TASK BRIEF >>
From the records below, find each line with the string "bounding" and copy it.

Dataset records
▬▬▬▬▬▬▬▬▬▬
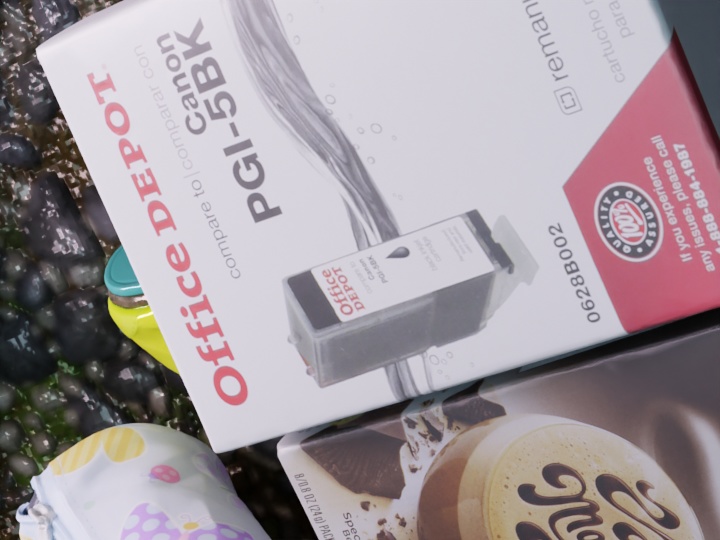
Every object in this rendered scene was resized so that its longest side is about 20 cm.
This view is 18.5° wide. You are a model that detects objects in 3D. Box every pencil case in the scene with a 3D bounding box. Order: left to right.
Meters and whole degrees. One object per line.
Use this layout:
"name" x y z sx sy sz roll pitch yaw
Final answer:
"pencil case" -0.053 0.131 0.775 0.091 0.200 0.083 37 94 -36

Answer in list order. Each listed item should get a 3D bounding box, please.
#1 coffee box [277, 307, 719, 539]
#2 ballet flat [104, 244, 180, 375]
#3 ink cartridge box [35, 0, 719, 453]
"coffee box" 0.089 0.066 0.701 0.199 0.080 0.114 -19 103 34
"ballet flat" 0.000 0.000 0.789 0.199 0.067 0.067 -15 121 29
"ink cartridge box" 0.021 -0.043 0.669 0.199 0.083 0.148 -19 100 31
▬▬▬▬▬▬▬▬▬▬
TASK RESULT >>
This view is 18.5° wide. You are a model that detects objects in 3D. Box every pencil case in the scene with a 3D bounding box. Order: left to right.
Answer in list order. Each listed item should get a 3D bounding box, please.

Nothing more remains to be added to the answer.